Revealing the mechanism driving magnetic resonance in STM

The central idea of EPR is that radiofrequency (rf) photons excite unpaired electrons to a higher-energy spin state, which can be probed experimentally. However, the direct excitation of the EPR species by the magnetic field components of the rf tunneling current is estimated to be negligible. Several EPR-STM excitation and detection mechanisms have been proposed, including modulation of the tunneling barrier by the rf electric field, breathing of the density of states mediated by spin-orbit coupling, spin torque due to tunneling electrons, and piezoelectric coupling of the rf electric field to the magnetic adatom. In the piezoelectric coupling mechanism, the oscillating electric field couples to the electric dipole of the EPR species and induces motions in the inhomogeneous magnetic field of the nearby magnetic STM tip leading to an effective oscillating magnetic field that drives the EPR transitions [1].

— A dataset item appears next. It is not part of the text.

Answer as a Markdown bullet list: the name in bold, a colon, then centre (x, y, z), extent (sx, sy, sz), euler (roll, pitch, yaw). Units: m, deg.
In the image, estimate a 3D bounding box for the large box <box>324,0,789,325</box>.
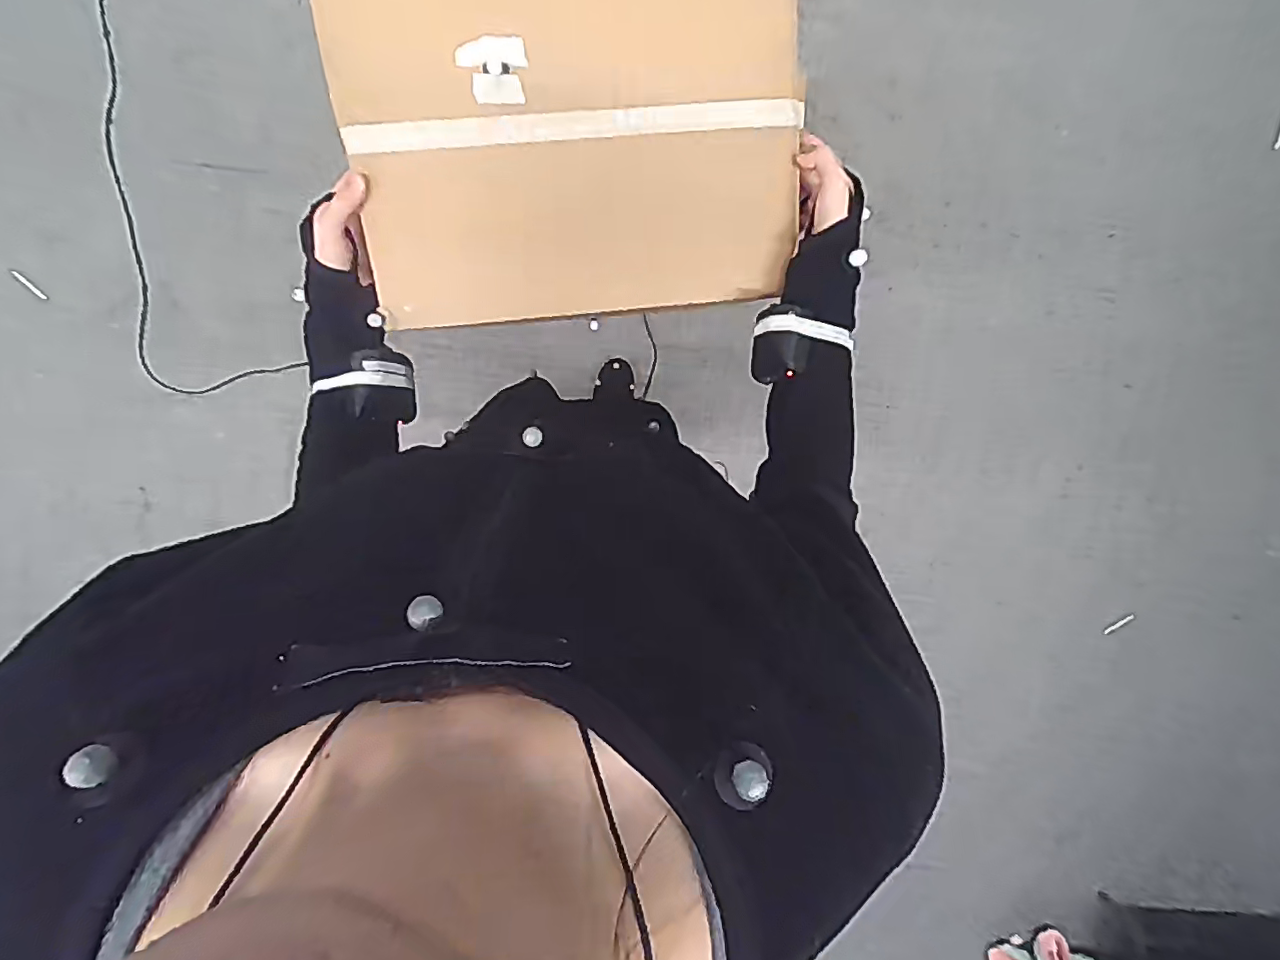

In our study [2], we compared the predictions of different EPR-STM models with an extensive EPR data set obtained for different tip-sample distances and strength of the oscillating electric field, effectively sampling the magnetic field gradient originating from the STM tip, see Figure (a). By calculating the displacement of the adatoms due to the electric field between tip and substrate (Figure b,c), we were able to estimate the Rabi rate of the EPR transitions (Figure (d), which we found in good agreement with the experiments. Our work supports quantitatively the piezoelectric coupling mechanism between tip and EPR species [1] and rules out a series of other mechanisms. Moreover, our model of the excitation process includes the precise orbital and spin degrees of freedom of the adatoms and revealed that Fe and TiH are driven by the longitudinal and transverse component of the oscillating magnetic field gradient, respectively. This finding has strong implications for the ability to drive and measure EPR in different EPR species on surfaces. Our model further predicts non-linear driving forces due to non-linearities in the relation between the electric field and the resulting displacements, which are very specific to the adatom species.